YAHOO FINANCE: Netflix CFO Spencer Neumann (NFLX) spoke on Netflix's fourth-quarter conference call stating "we are not interested in some of the bigger linear assets that may or may not be available." The company recently announced a massive deal with TKO (TKO) to become the streaming home of WWE RAW, showing continued investment in content over companies.
DeBevoise states: "The other streamers have pulled back on content and marketing spend. They're having to rationalize their technology spend... Netflix doesn't have those issues. They've built that technology stack. It's in the right place. It's at the right cost level. They are profitable... They can go after those subs and those shows, and they can find the right ways to invest and really drive subscribers. "
BRAD SMITH: Netflix posting a big jump in subscribers for the fourth quarter, proving that it's still the big winner amidst stiffer competition. So what is next? Consolidation has been a trending topic within the industry over the last several months, after reports of talks between Paramount and Warner Brothers-Discovery. When asked about M&A in their earnings call, Netflix's CFO made it clear about a space that they are not interested in.
SPENCER NEUMANN: We're not interested in some of the big linear assets that may or may not be available. We also noticed that-- noted that in the letter. And so I think that's how you should think about our-- what's out there to go after.
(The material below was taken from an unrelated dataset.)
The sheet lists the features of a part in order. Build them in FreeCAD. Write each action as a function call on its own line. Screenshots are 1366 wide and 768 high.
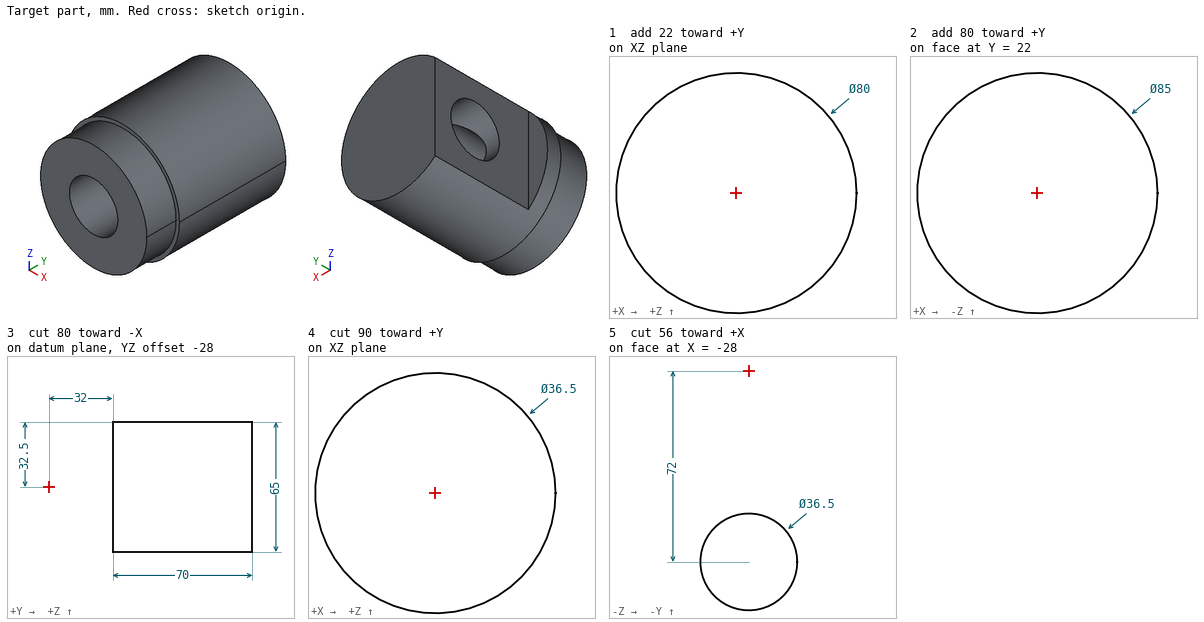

BRAD SMITH: So for more on the future of streaming and the entire space, we've got Marc DeBevoise, who is the Brightcove CEO joining us here in studio. Marc, great to see you. I mean, when you hear comments like that on the call, does it mean that Netflix perhaps is prioritizing its attention elsewhere in order to deploy capital, make strategic, maybe not acquisitions of linear, but elsewhere, whether that be content or some smaller player?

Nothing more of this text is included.